Twenty-six studies met their inclusion criteria. Despite the number of trials, the authors found that there is limited evidence to guide physiotherapists in the management of people with dementia who fracture their hip. Hall AJ et al. Physiotherapy interventions for people with dementia and a hip fracture - a scoping review of the literature. Can we predict ankle sprain? Researchers based at the University of Sydney found that people with a history of a recent index (first) sprain, as well as a younger age, independently increase the risk of ankle sprain. Height and weight also had some bearing.
Ninety-six participants completed their study. They found that balance impairments after an index ankle sprain did not independently predict re-sprains. Rather, the causes of recurrent ankle sprain were multi-factorial.
People with a higher risk had an increased number of foot lifts during single-leg balance, increased ligamentous laxity, and perceived instability. These factors predicted the occurrence of sprain in 90 per cent of participants.
While many of the predictors were non-modifiable factors, the authors suggest that their findings will allow therapists to target the population at risk. Pourkazemi F et al. Predictors of recurrent sprains after an index lateral ankle sprain: A longitudinal study. Clients remember having, and be dependable in using, pre-operative education? Preventing post-operative pulmonary complications is a common goal for physiotherapists.
A research team led by Ianthe Boden, who is based at the physiotherapy department at the University of Melbourne, looked at a group of patients following elective upper abdominal surgery.
The patients in the study had attended a pre-admission clinic within six-weeks of surgery. In contrast, members of the control group had received an information booklet about preventing pulmonary complications with early ambulation and breathing exercises.

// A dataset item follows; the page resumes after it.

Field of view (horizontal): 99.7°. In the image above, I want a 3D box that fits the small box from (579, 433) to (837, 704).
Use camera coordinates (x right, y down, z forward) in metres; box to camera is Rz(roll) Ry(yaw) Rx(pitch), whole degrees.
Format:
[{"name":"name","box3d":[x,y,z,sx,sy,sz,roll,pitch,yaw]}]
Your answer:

The experimental group received an additional face-to-face 30-minute physiotherapy education and training session on pulmonary complications, early ambulation, and breathing exercises.

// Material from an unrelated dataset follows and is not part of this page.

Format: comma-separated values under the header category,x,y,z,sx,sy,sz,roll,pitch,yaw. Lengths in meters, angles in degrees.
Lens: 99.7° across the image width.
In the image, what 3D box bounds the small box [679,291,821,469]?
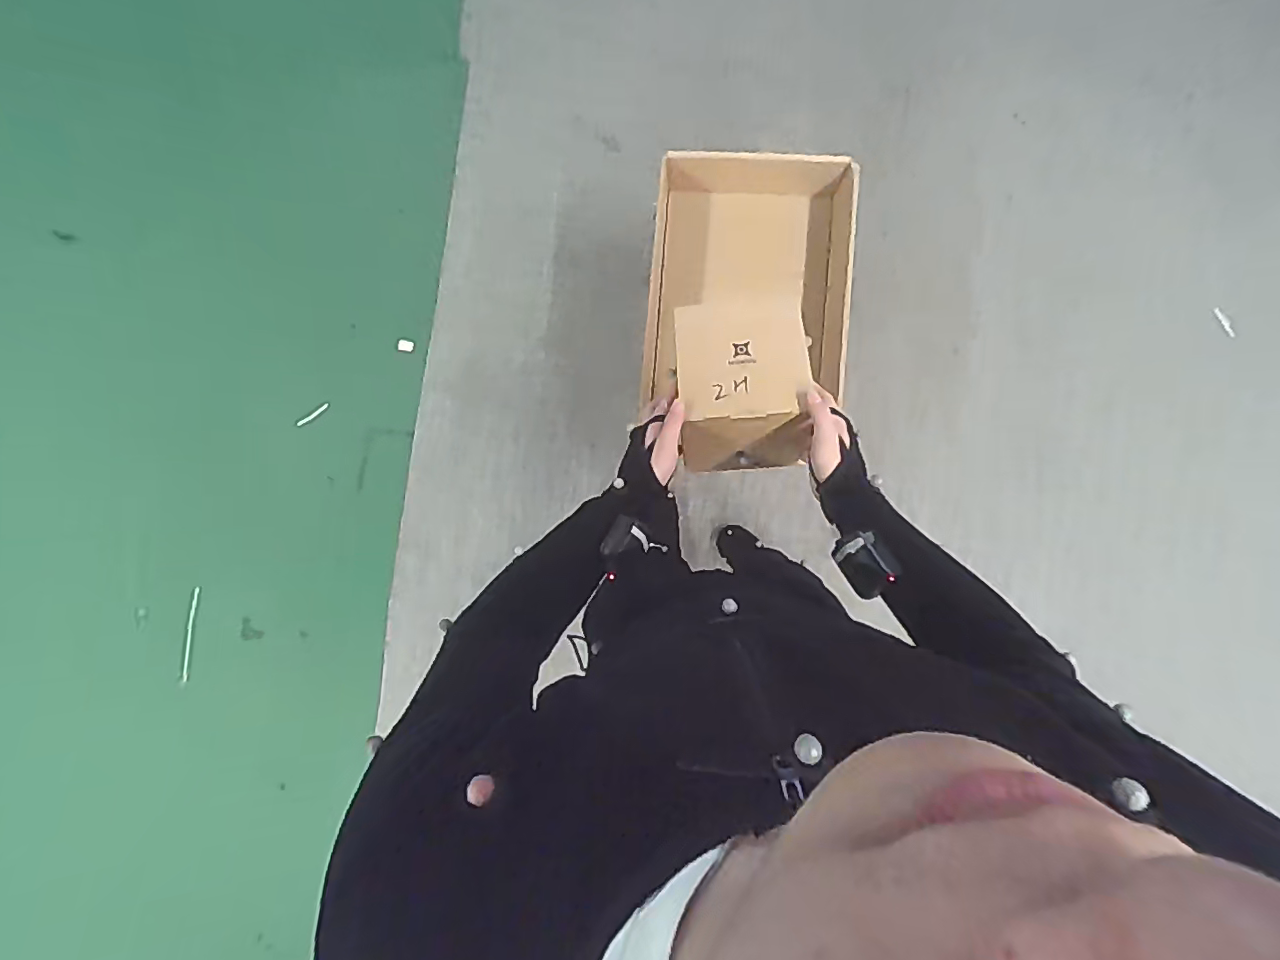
category,x,y,z,sx,sy,sz,roll,pitch,yaw
small box,0.141,-0.130,0.747,0.168,0.176,0.179,-4,68,6

Interestingly, the experimental group were six times more likely to recall their breathing exercises and felt very positive about the value and content of their pre-admission physiotherapy education. They said they found it fascinating and intriguing.
This made it memorable, standing out from the other information they had received.
Boden I et al. Physiotherapy education and training prior to upper abdominal surgery is memorable and has high treatment fidelity: a nested mixed-methods randomised-controlled study.
Comments & conclusions
- Frailty is a risk factor for dementia, and should be considered alongside deteriorating cognitive abilities, concludes a study of nearly 9,000 older people, whose health was tracked for 10 years. Frail adults were around 3.5 times as likely to develop dementia during this time as those who were in good health, while those who were on the verge of frailty were twice as likely to develop it. Scientific Reports 7 2017.
- Partial cryotherapy - exposure to extreme cold air (below -100°C) - is regarded by some athletes and coaches as more effective than an ice bath for speeding up muscle recovery after competition and enhancing performance. But the first study to compare cold water immersion with cryotherapy in 19 athletes found very little difference between the two treatments on recovery. Scandinavian Journal of Medicine and Science in Sports 2017.
- Cuts and burns heal approximately 60 per cent faster if the injury happens during the day rather than at night, suggests the first study of its kind to show how the body clock regulates healing by skin cells. This could have implications for medical procedures such as surgery and the development of drugs to speed up wound healing, suggest the researchers. Science Translational Medicine 2017.